MATERIAL FOR THIS EXERCISE:
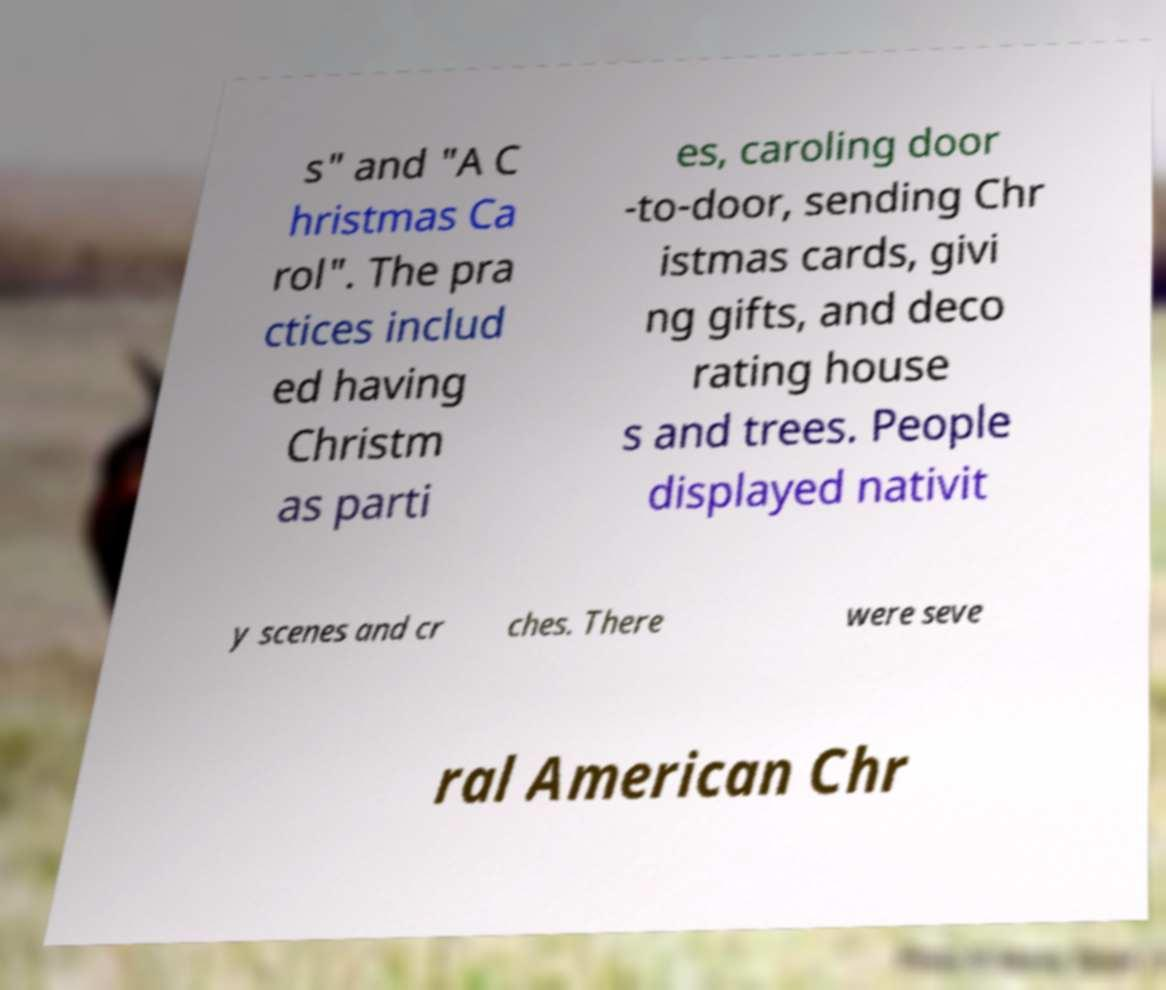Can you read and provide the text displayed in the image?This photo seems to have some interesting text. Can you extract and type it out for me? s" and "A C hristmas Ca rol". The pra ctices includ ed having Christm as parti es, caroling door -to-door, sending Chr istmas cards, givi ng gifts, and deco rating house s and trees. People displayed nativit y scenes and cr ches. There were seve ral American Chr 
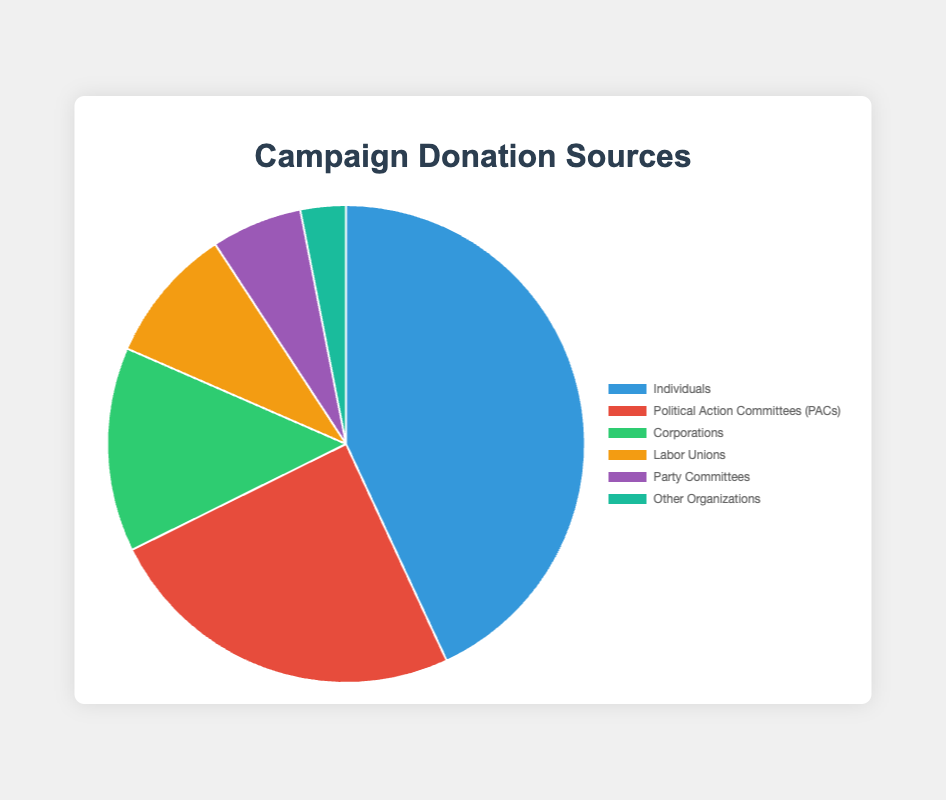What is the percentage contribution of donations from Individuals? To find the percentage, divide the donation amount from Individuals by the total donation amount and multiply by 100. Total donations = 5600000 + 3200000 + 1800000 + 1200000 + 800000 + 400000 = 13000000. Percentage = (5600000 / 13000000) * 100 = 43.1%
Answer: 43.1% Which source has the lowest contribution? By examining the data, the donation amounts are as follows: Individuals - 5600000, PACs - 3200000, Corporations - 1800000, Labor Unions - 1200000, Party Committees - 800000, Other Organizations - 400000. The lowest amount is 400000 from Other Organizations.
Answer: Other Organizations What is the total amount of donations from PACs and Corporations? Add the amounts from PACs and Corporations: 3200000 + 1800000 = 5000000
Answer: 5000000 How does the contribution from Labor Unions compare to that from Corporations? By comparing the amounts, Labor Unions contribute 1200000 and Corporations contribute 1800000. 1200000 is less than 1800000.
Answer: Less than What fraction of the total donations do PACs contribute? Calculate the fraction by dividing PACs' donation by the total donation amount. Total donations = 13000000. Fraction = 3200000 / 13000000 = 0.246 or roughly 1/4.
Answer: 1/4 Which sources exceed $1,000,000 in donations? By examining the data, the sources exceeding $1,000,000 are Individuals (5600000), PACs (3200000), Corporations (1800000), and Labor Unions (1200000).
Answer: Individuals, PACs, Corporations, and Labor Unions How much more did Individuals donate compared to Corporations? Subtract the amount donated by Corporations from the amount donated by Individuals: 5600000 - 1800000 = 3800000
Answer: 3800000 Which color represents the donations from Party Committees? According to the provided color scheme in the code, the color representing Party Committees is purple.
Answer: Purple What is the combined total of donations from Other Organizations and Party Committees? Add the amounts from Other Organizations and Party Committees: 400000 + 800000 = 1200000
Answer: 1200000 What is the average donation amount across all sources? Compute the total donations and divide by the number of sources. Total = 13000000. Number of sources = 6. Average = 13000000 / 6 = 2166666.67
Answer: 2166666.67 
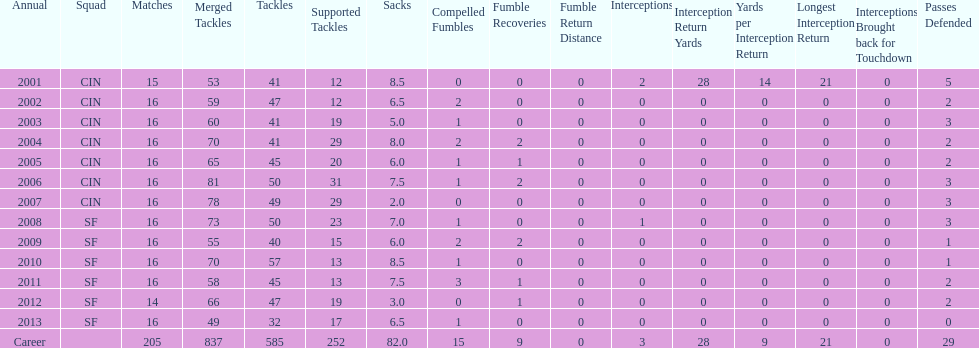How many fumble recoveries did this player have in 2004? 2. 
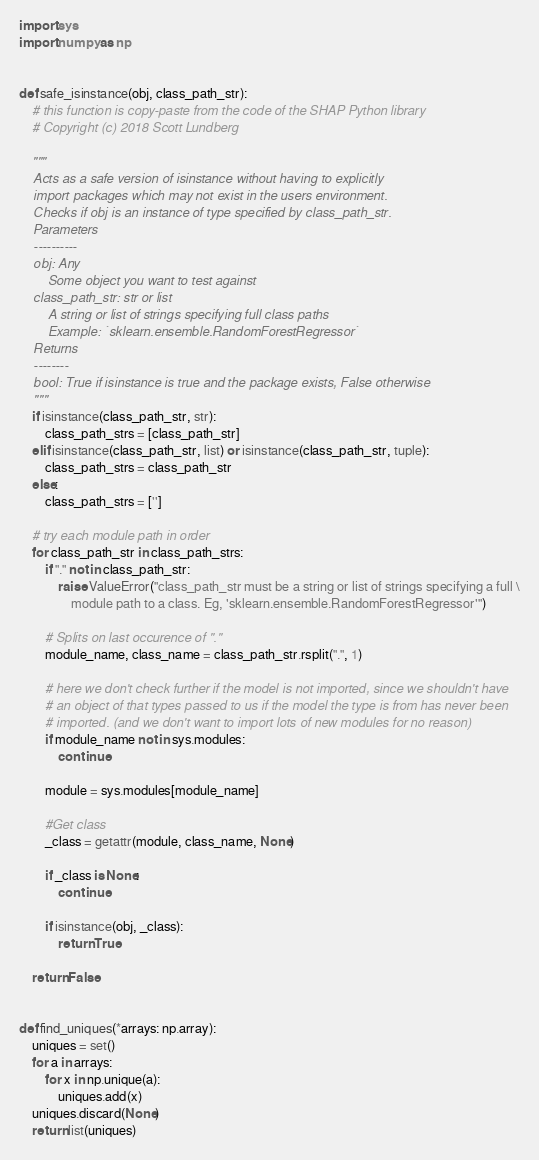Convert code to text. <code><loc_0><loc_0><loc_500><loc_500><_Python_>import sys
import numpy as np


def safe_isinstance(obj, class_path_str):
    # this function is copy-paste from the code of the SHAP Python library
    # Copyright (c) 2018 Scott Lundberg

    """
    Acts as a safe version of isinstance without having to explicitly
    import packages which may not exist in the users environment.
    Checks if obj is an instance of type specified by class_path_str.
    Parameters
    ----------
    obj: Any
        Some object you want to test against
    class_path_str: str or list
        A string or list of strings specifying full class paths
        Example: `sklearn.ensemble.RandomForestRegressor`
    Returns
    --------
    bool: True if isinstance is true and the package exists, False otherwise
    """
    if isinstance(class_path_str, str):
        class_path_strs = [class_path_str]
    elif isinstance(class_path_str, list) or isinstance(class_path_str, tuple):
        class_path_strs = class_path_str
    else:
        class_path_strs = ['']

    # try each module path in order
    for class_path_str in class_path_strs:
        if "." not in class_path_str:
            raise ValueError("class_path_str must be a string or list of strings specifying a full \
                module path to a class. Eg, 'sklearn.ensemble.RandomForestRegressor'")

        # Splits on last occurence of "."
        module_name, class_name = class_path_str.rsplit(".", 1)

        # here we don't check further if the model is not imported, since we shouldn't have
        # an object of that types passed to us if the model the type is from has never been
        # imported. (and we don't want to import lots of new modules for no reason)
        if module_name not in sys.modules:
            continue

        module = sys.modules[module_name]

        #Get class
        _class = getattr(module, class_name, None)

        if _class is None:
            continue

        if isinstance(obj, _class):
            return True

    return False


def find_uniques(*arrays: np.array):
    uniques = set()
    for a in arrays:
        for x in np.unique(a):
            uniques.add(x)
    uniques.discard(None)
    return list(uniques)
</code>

WORK INSTRUCTIONS:
Your answer should be the lines of the listing above between the line holding "elif isinstance(class_path_str, list)" and the line holding "# here we don't", inclusive, restated word for word and alone.

ANSWER SECTION:
    elif isinstance(class_path_str, list) or isinstance(class_path_str, tuple):
        class_path_strs = class_path_str
    else:
        class_path_strs = ['']

    # try each module path in order
    for class_path_str in class_path_strs:
        if "." not in class_path_str:
            raise ValueError("class_path_str must be a string or list of strings specifying a full \
                module path to a class. Eg, 'sklearn.ensemble.RandomForestRegressor'")

        # Splits on last occurence of "."
        module_name, class_name = class_path_str.rsplit(".", 1)

        # here we don't check further if the model is not imported, since we shouldn't have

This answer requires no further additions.